━━━ DATA FOR THIS EXERCISE
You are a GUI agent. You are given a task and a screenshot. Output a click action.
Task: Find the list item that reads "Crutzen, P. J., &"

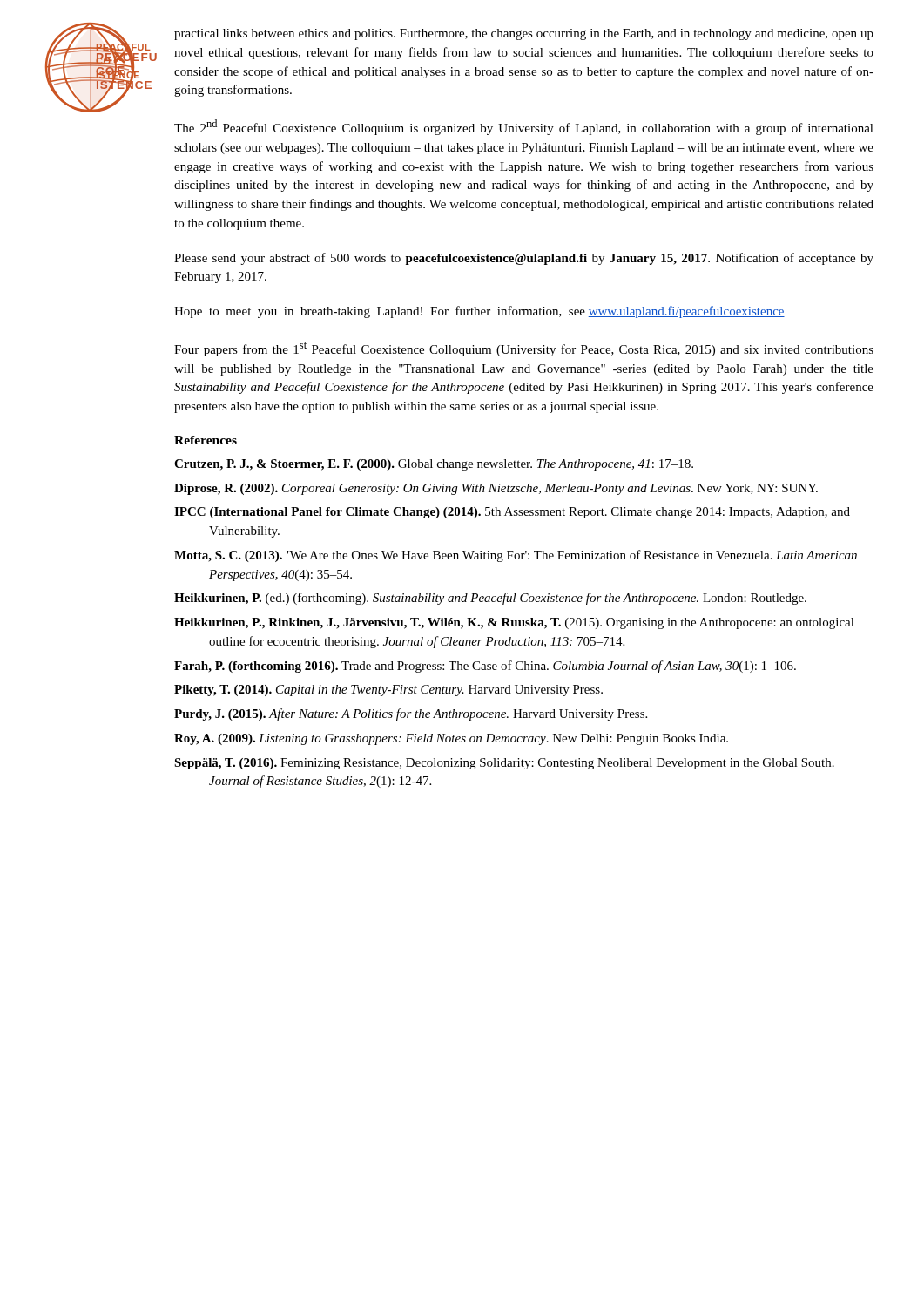point(434,463)
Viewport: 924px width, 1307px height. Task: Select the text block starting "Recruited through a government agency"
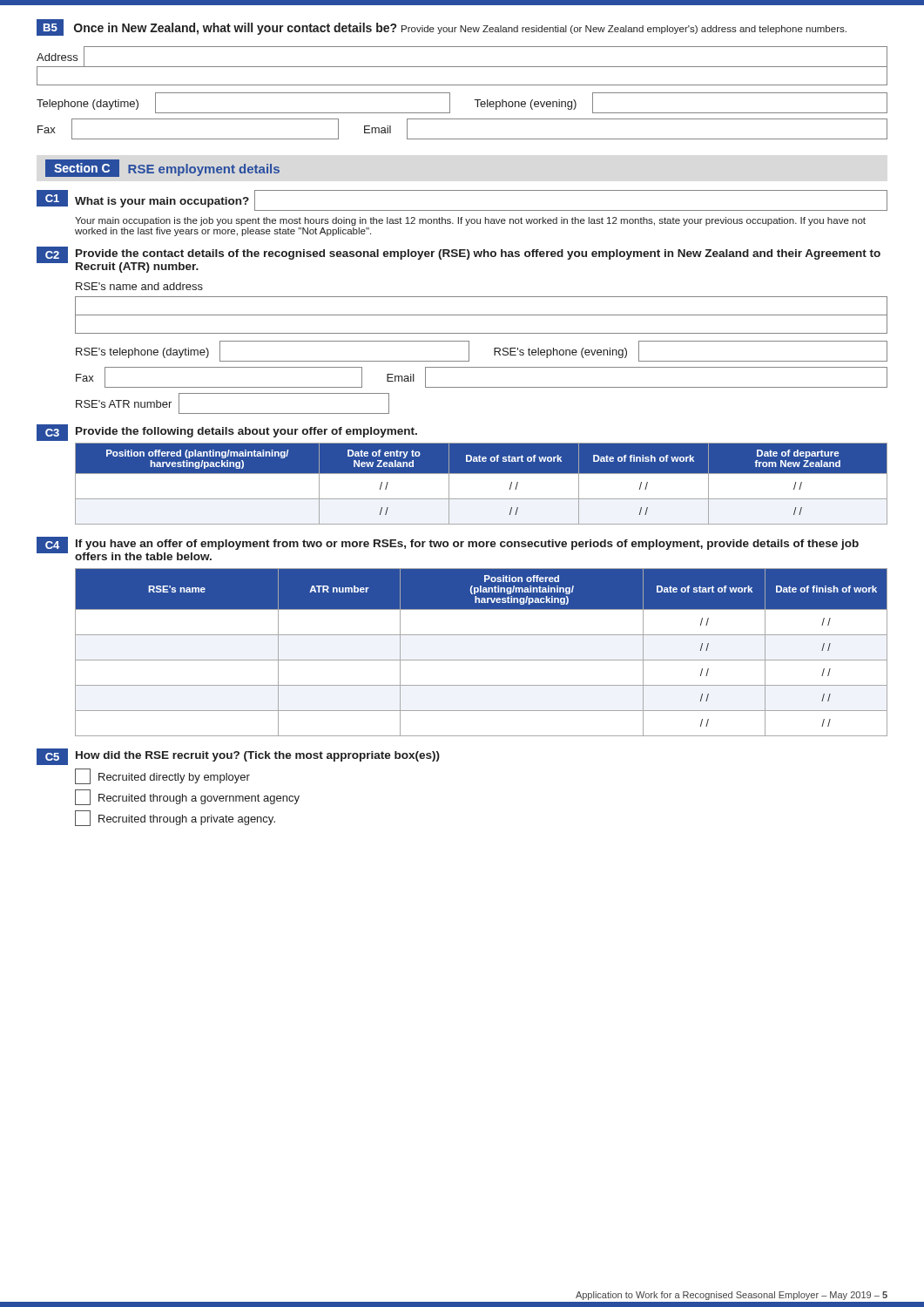[x=187, y=797]
━━━━━━
**WORK ORDER**
Write out the listing word for word, omitting the pictures it holds.

**RESPONSE AREA**
You are a GUI agent. You are given a task and a screenshot. Output a click action.
Task: Find the list item that reads "Crutzen, P. J., &"

point(434,463)
Viewport: 924px width, 1307px height. Task: Select the text block starting "Recruited through a government agency"
[x=187, y=797]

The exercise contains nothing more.